Fonctionnaires et citoyens ordinaires du Burundi seront astreints, dès janvier, à alimenter une tontine de solidarité pour aider les habitants de 3 provinces frappées par la sécheresse. La mesure risque d’alourdir un peu plus le budget domestique d’une des populations les plus pauvres au monde.
Valentine Lescot
La disette menace les populations du nord-est du Burundi. Afin de leur venir en aide, le gouvernement de Bujumbura a décidé de créer une “ contribution à la solidarité nationale ”, prélevée sur les salaires pendant les 4 prochains mois. Les ministres et les parlementaires payeront l’équivalent de 8% de leur rémunération et les salariés du public et du privé, dont les revenus mensuels sont supérieurs à 100 000 Fbu (francs burundais, 73 euros), 2%. Les non salariés, les petits paysans et les artisans devront verser mensuellement à la Caisse de solidarité nationale 100 Fbu (0,07euros).

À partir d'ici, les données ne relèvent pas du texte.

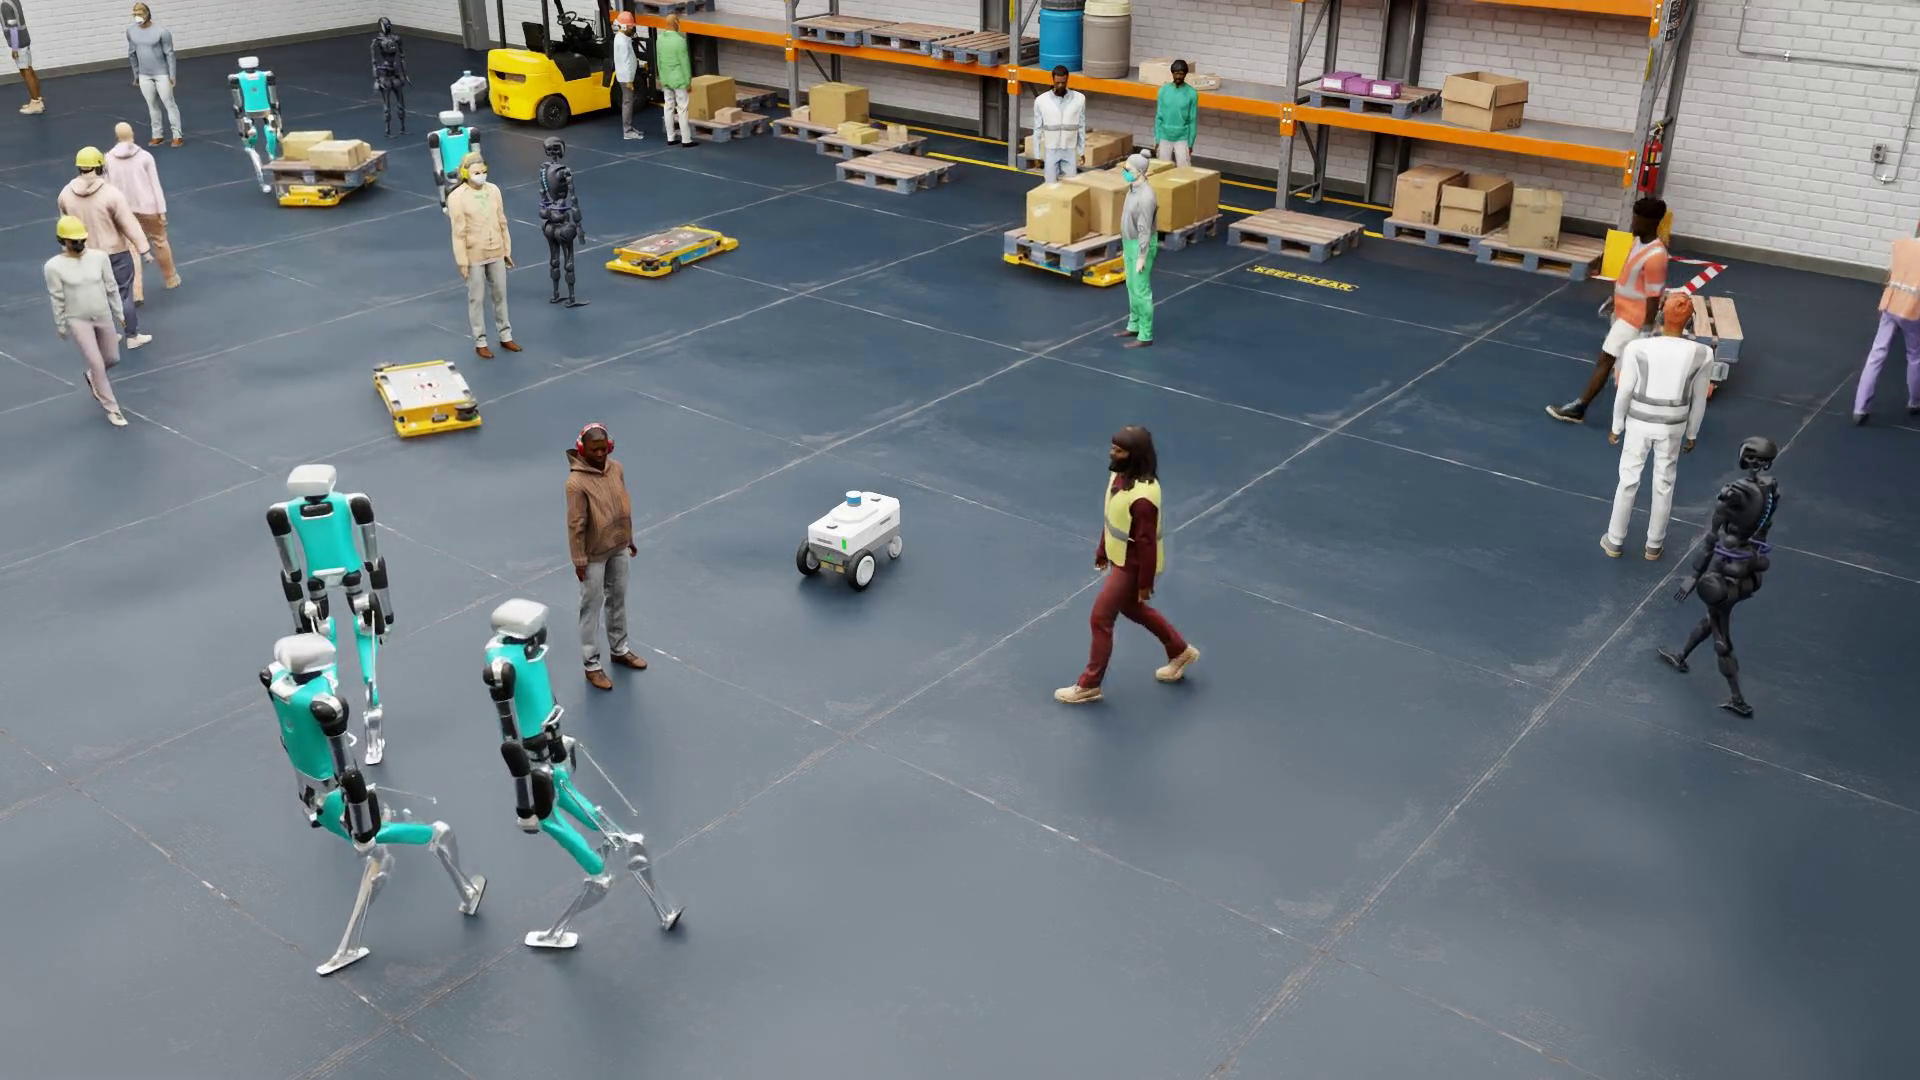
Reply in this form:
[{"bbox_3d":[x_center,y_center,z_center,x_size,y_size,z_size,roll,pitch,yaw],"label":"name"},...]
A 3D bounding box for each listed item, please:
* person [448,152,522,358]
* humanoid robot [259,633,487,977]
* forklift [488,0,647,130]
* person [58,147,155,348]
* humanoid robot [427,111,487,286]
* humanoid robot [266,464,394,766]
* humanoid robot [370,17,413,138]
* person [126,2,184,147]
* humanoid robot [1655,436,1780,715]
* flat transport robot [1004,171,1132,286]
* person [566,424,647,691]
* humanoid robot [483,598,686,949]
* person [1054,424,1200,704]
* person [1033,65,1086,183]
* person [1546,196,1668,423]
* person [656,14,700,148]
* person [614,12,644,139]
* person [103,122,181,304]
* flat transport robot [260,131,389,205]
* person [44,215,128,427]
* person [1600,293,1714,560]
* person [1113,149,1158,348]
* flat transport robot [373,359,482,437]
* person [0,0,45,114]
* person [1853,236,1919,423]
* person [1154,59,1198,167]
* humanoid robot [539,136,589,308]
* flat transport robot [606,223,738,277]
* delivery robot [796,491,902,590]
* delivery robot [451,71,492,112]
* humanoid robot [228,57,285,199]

La somme récoltée devrait ainsi permettre de nourrir environ 1 million de personnes. Selon la ministre chargée de la Réhabilitation et de la réintégration des personnes déplacées et des réfugiés, Françoise Ngendahayo, 50 millions de dollars sont nécessaires pour subvenir aux sinistrés. La mesure, rendue publique à l’issue du conseil des ministres mercredi, intervient après que le gouvernement ait déclaré vendredi dernier les régions de Kirundo, Ngozi et Muuyinga “ zone sinistrée” pour cause de sécheresse. Une centaine de personnes seraient déjà mortes de faim. Des centaines de milliers d’autres sont menacées.
La Centrale des syndicats contre un impôt supplémentaire
La Confédération des syndicats du Burundi (COSYBU), qui se revendique comme étant un organisme indépendant de tout parti politique et du pouvoir, s’est opposée à cette taxe de solidarité. “ Les salaires burundais, lesquels ont connu une dévaluation de 523 % en à peu près 10 ans, sont insuffisants. Au moment où le gouvernement prenait cette mesure, nous étions déjà en train de revendiquer une exonération de la taxe professionnelle sur les salaires inférieurs à 80 000 Fbu (58 euros) ”, explique le Président de la Cosybu, Pierre Claver Hajayandi. Celui-ci se dit en accord avec l’élan de solidarité nationale contre la famine mais préfèrerait que les Burundais restent libres de choisir le montant de leur contribution.
Il plaide également pour une gestion transparente des fonds récoltés, craignant un détournement. La Confédération a pris l’initiative d’organiser une collecte indépendante.“ La semaine dernière, avant que le gouvernement n’ait proposé la taxe, nous avons ouvert un compte bancaire à la Banque Commerciale du Burundi sur lequel chaque citoyen peut déposer une somme[[<*>N° du compte sur lequel vous pouvez vous aussi faire un virement : 301 00 110 14-04-64]. Nous avons déjà récolté 3,5 millions de Fbu (2 560 euros) et reçu de la part de la société Toyota une tonne de riz et une tonne de haricots secs ”, ajoute le Président. De 1993 à 2000, le gouvernement avait lancé une souscription nationale à l’effort de guerre. Selon la Cosybu, les fonds, qui n’ont jamais fait l’objet de comptes rendus, auraient été détournés.
En plus de la population burundaise, le ministre des Affaires étrangères, Térence Sinunguruza, s’est tourné vers les Organisation non gouvernementales et les bailleurs internationaux pour demander de l’aide. Le Burundi sort d’une guerre civile qui a débuté en 1993. Ruiné, ce pays fait parti des plus pauvres au monde. Le Programme alimentaire mondial y distribue déjà des rations alimentaires. En 2004, l’organisme avait envoyé entre 70 000 et 85 000 tonnes d’aide alimentaire à 1,5 million de personnes. Le Programme des nations unis pour le développement a d’ores et déjà réuni 3 millions de Fbu (2 200 euros). L’Union Africaine a, pour sa part, remis 2 000 dollars à la province de Kirundo. L’Eglise du Bon Berger à Bujumbura a contribué d’une somme équivalente. Gageons seulement que toutes ces sommes soient utilisées à bon escient.